Record excerpts

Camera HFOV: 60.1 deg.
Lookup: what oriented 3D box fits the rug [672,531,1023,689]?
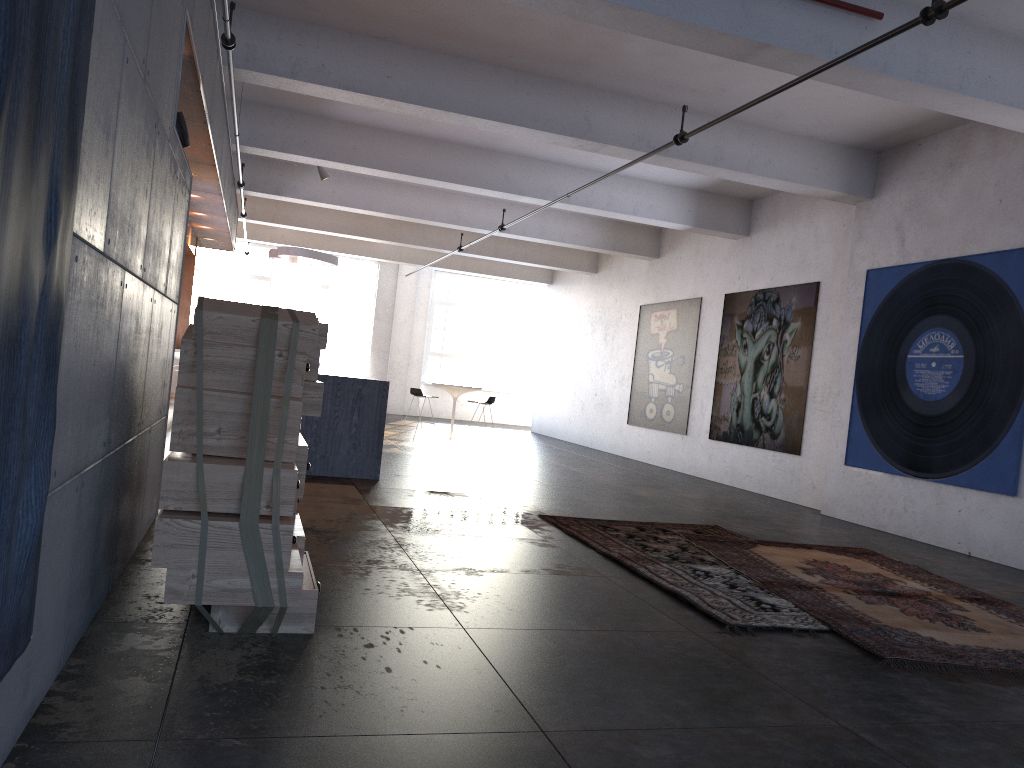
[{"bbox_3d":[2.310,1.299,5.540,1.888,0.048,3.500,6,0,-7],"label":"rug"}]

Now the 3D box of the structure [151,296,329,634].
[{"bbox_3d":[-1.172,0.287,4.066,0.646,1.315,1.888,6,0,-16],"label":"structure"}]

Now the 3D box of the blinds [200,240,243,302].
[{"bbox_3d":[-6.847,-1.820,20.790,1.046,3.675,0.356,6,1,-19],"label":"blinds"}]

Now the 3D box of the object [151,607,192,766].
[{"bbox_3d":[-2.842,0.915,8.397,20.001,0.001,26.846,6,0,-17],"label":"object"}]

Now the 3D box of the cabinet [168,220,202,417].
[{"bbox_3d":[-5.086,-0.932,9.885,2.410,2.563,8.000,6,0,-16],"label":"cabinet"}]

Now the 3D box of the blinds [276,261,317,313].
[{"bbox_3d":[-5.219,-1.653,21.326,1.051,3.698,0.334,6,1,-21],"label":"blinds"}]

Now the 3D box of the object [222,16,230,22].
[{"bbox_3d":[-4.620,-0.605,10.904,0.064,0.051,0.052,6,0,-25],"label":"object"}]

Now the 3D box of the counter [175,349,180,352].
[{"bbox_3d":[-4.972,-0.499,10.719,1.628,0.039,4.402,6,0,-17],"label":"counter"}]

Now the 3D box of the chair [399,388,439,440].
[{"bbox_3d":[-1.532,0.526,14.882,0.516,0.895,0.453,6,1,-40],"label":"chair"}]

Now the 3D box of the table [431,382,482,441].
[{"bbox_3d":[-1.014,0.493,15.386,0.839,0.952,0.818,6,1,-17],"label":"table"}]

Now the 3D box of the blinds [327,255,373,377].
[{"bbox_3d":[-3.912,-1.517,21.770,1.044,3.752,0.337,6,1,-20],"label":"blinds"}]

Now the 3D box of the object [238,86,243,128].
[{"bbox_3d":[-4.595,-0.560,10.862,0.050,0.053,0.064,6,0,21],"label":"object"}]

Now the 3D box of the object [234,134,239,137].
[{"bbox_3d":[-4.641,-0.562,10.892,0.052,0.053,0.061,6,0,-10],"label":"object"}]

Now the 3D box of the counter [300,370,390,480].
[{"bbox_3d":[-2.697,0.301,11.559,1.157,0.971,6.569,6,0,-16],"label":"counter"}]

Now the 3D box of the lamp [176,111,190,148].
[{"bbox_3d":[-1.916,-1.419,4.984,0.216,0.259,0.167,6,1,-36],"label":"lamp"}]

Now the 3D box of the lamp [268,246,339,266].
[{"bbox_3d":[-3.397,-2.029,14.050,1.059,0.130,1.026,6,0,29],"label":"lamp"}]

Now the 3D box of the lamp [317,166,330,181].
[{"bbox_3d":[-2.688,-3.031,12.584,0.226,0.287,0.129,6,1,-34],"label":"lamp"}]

Your instructions
Transcribe the full listing above exactly as it stands, minus the pictures.

Task result
Camera HFOV: 60.1 deg.
Lookup: what oriented 3D box fits the rug [672,531,1023,689]?
[{"bbox_3d":[2.310,1.299,5.540,1.888,0.048,3.500,6,0,-7],"label":"rug"}]

Now the 3D box of the structure [151,296,329,634].
[{"bbox_3d":[-1.172,0.287,4.066,0.646,1.315,1.888,6,0,-16],"label":"structure"}]

Now the 3D box of the blinds [200,240,243,302].
[{"bbox_3d":[-6.847,-1.820,20.790,1.046,3.675,0.356,6,1,-19],"label":"blinds"}]

Now the 3D box of the object [151,607,192,766].
[{"bbox_3d":[-2.842,0.915,8.397,20.001,0.001,26.846,6,0,-17],"label":"object"}]

Now the 3D box of the cabinet [168,220,202,417].
[{"bbox_3d":[-5.086,-0.932,9.885,2.410,2.563,8.000,6,0,-16],"label":"cabinet"}]

Now the 3D box of the blinds [276,261,317,313].
[{"bbox_3d":[-5.219,-1.653,21.326,1.051,3.698,0.334,6,1,-21],"label":"blinds"}]

Now the 3D box of the object [222,16,230,22].
[{"bbox_3d":[-4.620,-0.605,10.904,0.064,0.051,0.052,6,0,-25],"label":"object"}]

Now the 3D box of the counter [175,349,180,352].
[{"bbox_3d":[-4.972,-0.499,10.719,1.628,0.039,4.402,6,0,-17],"label":"counter"}]

Now the 3D box of the chair [399,388,439,440].
[{"bbox_3d":[-1.532,0.526,14.882,0.516,0.895,0.453,6,1,-40],"label":"chair"}]

Now the 3D box of the table [431,382,482,441].
[{"bbox_3d":[-1.014,0.493,15.386,0.839,0.952,0.818,6,1,-17],"label":"table"}]

Now the 3D box of the blinds [327,255,373,377].
[{"bbox_3d":[-3.912,-1.517,21.770,1.044,3.752,0.337,6,1,-20],"label":"blinds"}]

Now the 3D box of the object [238,86,243,128].
[{"bbox_3d":[-4.595,-0.560,10.862,0.050,0.053,0.064,6,0,21],"label":"object"}]

Now the 3D box of the object [234,134,239,137].
[{"bbox_3d":[-4.641,-0.562,10.892,0.052,0.053,0.061,6,0,-10],"label":"object"}]

Now the 3D box of the counter [300,370,390,480].
[{"bbox_3d":[-2.697,0.301,11.559,1.157,0.971,6.569,6,0,-16],"label":"counter"}]

Now the 3D box of the lamp [176,111,190,148].
[{"bbox_3d":[-1.916,-1.419,4.984,0.216,0.259,0.167,6,1,-36],"label":"lamp"}]

Now the 3D box of the lamp [268,246,339,266].
[{"bbox_3d":[-3.397,-2.029,14.050,1.059,0.130,1.026,6,0,29],"label":"lamp"}]

Now the 3D box of the lamp [317,166,330,181].
[{"bbox_3d":[-2.688,-3.031,12.584,0.226,0.287,0.129,6,1,-34],"label":"lamp"}]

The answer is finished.